EXERCISE: Read the data, and whenever a line holds the word "above", report that line.

DATA IN THIS EXERCISE Block Start

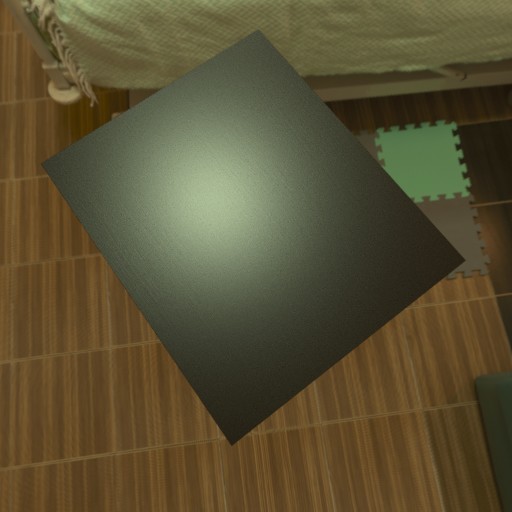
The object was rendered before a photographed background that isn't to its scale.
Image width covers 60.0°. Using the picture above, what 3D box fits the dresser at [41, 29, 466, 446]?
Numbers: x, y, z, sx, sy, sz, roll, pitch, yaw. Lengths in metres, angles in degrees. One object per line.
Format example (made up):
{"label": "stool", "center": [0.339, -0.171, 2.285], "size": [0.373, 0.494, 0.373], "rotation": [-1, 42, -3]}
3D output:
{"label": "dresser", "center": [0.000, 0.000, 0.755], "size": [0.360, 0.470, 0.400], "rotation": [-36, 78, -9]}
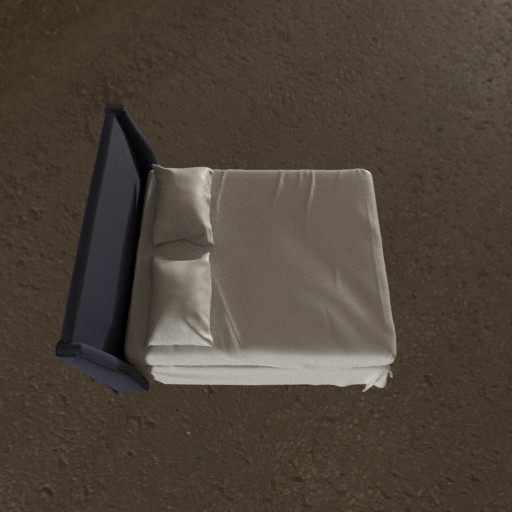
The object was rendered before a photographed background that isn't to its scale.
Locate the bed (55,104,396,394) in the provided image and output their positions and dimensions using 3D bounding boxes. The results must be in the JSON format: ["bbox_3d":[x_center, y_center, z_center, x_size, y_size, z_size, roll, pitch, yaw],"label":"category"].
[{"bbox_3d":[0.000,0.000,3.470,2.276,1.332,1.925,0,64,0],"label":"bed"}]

DATA IN THIS EXERCISE Block End
DATA IN THIS EXERCISE Block Start

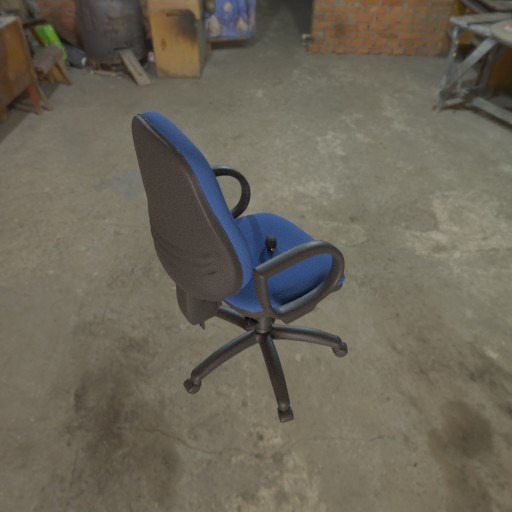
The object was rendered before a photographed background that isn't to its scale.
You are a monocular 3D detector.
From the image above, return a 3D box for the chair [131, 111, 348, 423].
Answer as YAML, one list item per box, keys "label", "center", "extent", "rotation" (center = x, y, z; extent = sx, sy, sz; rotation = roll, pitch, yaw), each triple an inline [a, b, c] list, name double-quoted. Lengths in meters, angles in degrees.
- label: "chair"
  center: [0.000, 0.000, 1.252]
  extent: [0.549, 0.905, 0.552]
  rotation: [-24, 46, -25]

DATA IN THIS EXERCISE Block End
DATA IN THIS EXERCISE Block Start

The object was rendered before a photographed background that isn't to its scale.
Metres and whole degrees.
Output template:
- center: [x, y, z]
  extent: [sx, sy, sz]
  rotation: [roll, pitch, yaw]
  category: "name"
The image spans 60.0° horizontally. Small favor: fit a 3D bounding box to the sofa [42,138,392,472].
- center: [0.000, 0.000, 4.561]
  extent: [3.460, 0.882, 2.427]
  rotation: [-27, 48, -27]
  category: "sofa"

DATA IN THIS EXERCISE Block End

RESPONSE BELOW:
Image width covers 60.0°. Using the picture above, what 3D box fits the dresser at [41, 29, 466, 446]?
From the image above, return a 3D box for the chair [131, 111, 348, 423].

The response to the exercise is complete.